Exercise goal:
Your answer should consist of every line from the records that holds the string "pixels".
═════ The input ═════
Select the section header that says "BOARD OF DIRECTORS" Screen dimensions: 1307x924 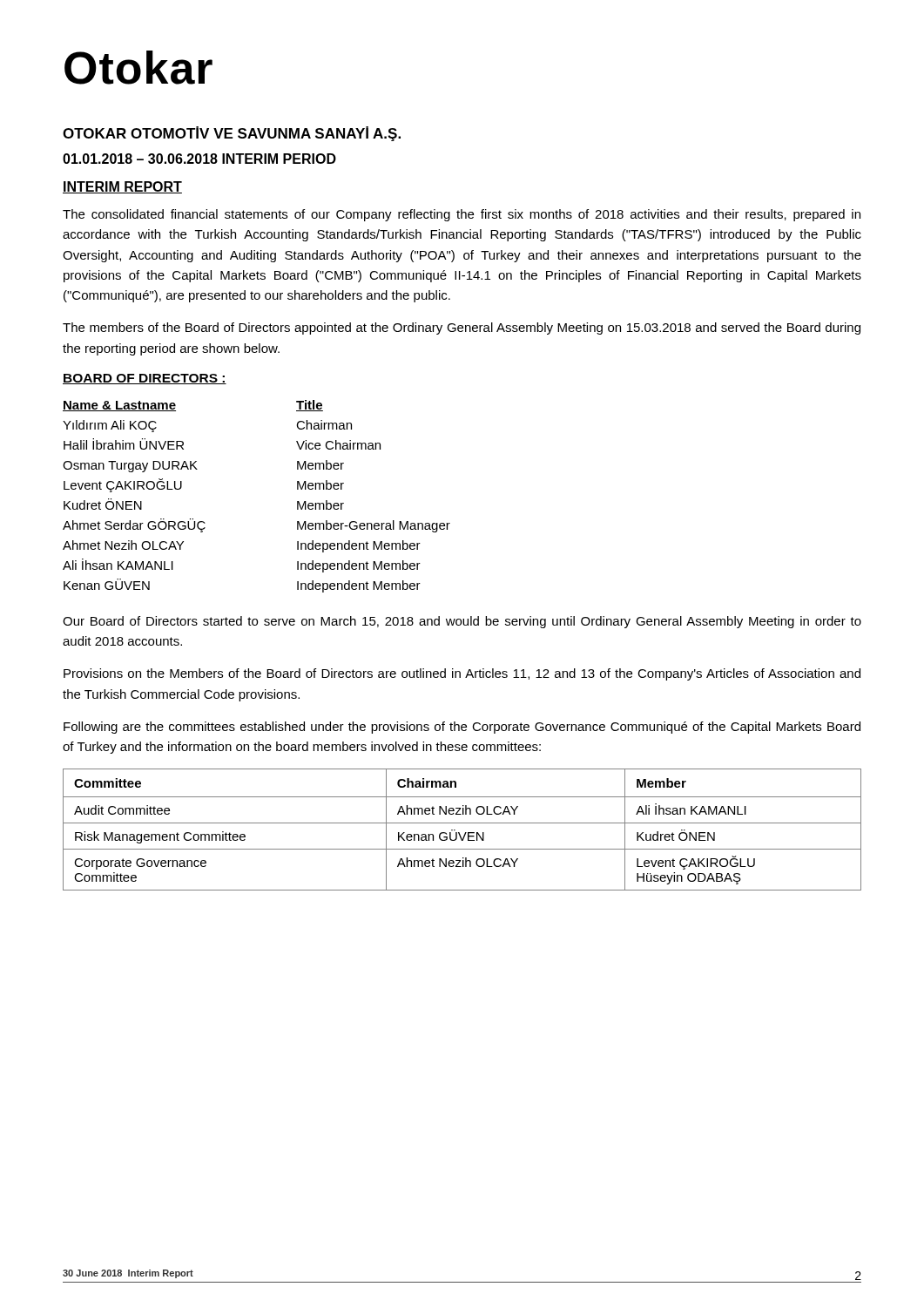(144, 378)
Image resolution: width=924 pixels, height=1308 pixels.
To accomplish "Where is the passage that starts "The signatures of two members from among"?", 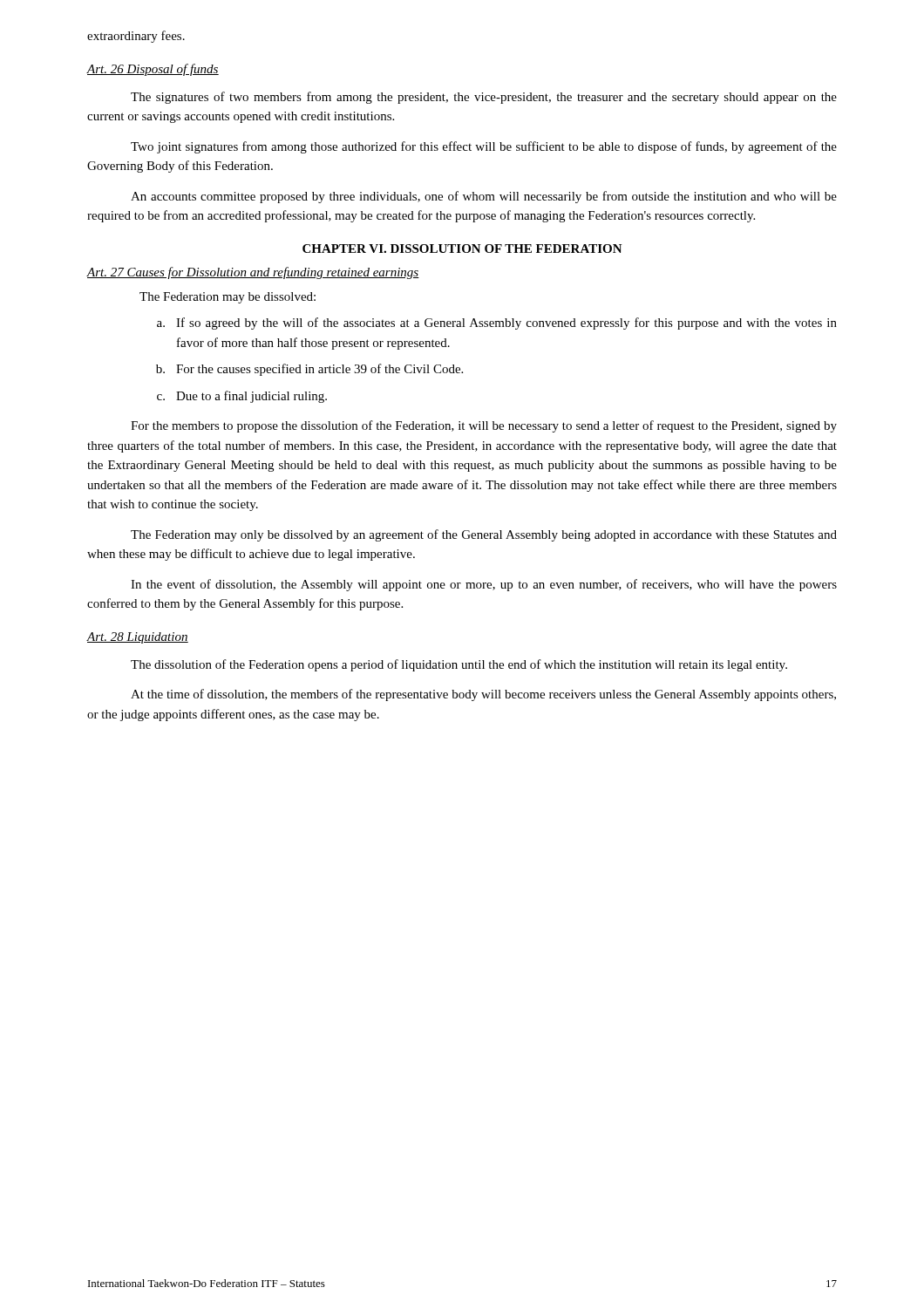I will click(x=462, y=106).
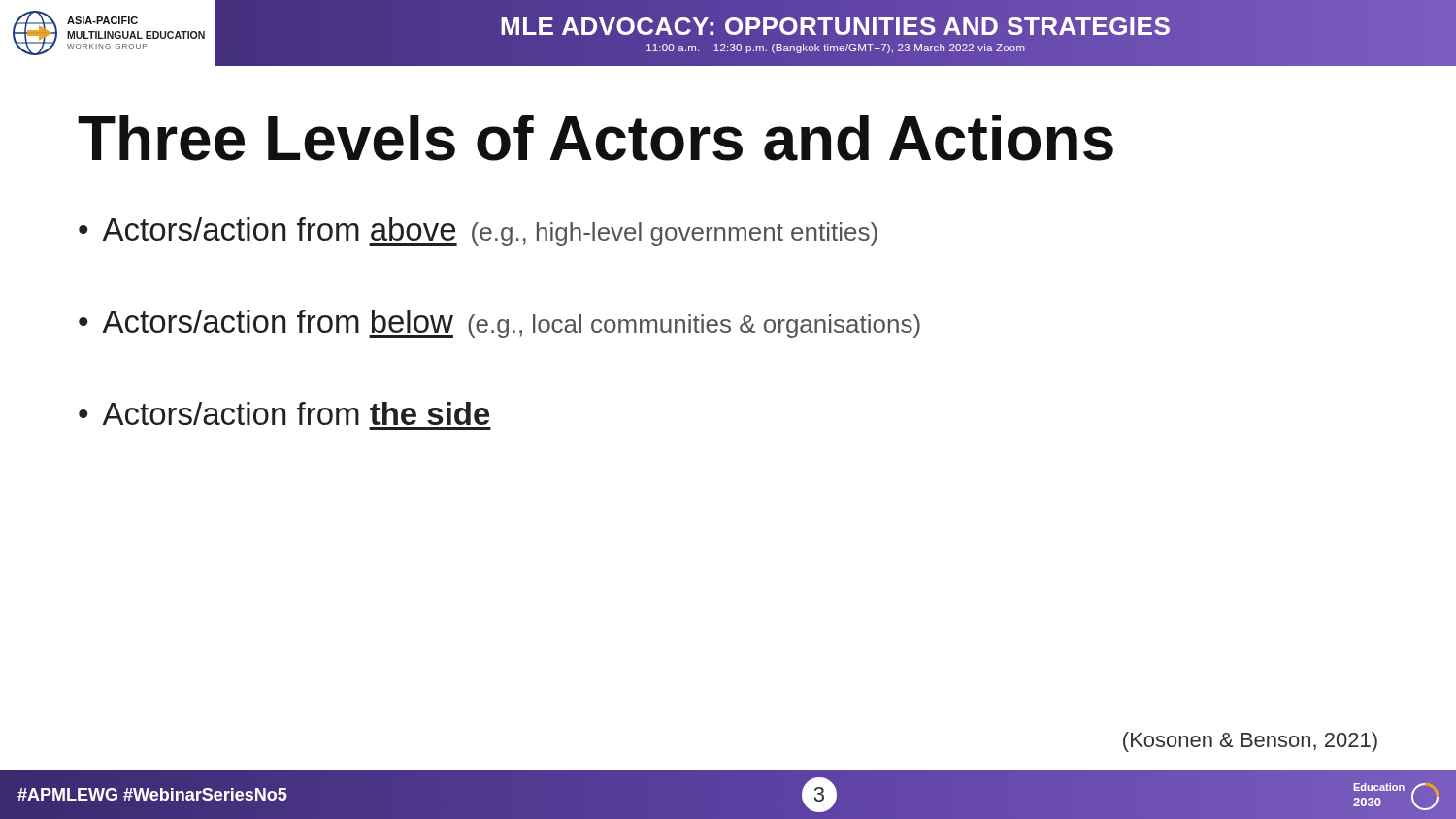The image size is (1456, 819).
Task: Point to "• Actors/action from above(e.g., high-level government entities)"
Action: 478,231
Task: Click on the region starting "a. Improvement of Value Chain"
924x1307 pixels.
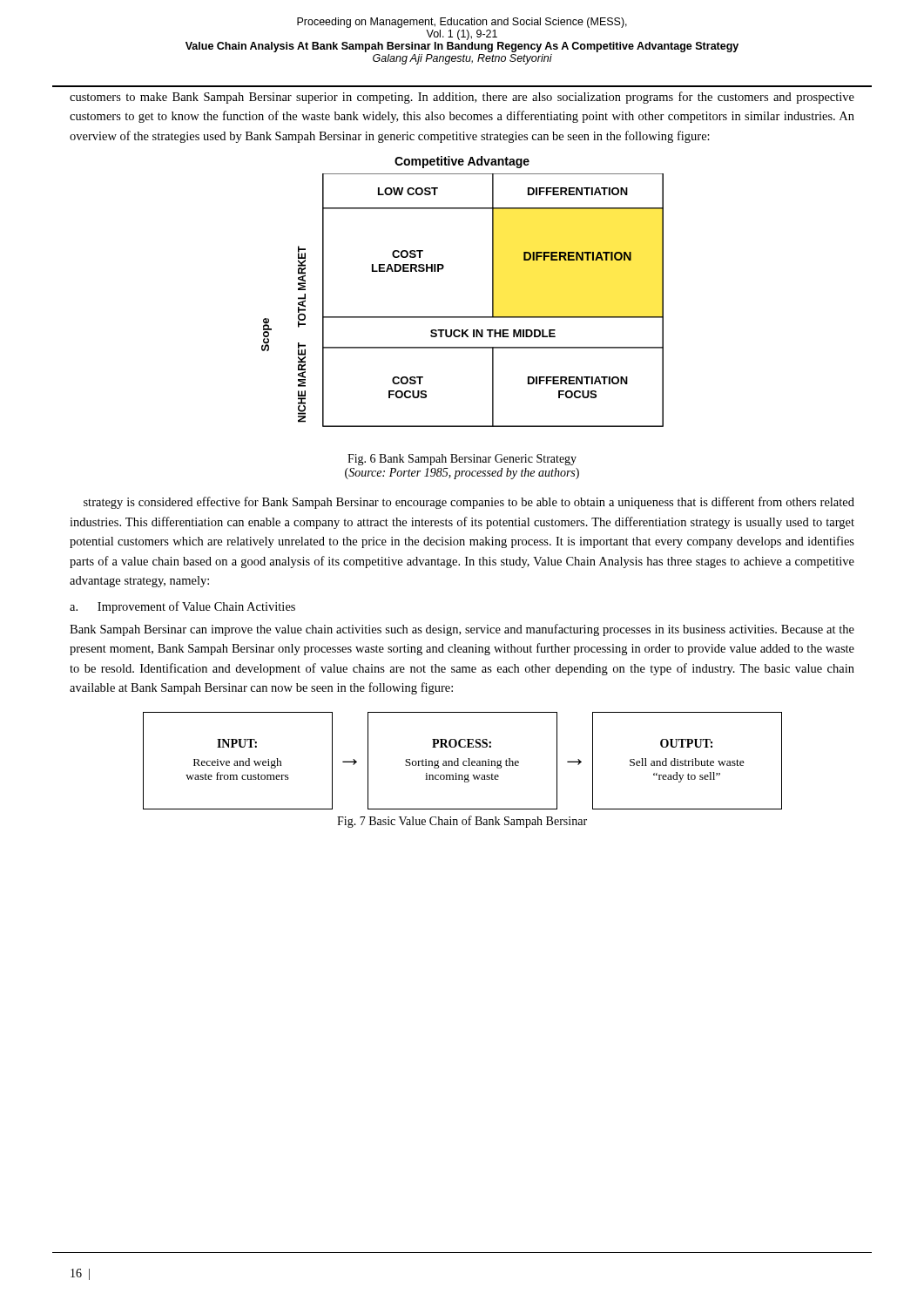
═════
Exercise solution:
Image resolution: width=924 pixels, height=1308 pixels.
924x1307 pixels.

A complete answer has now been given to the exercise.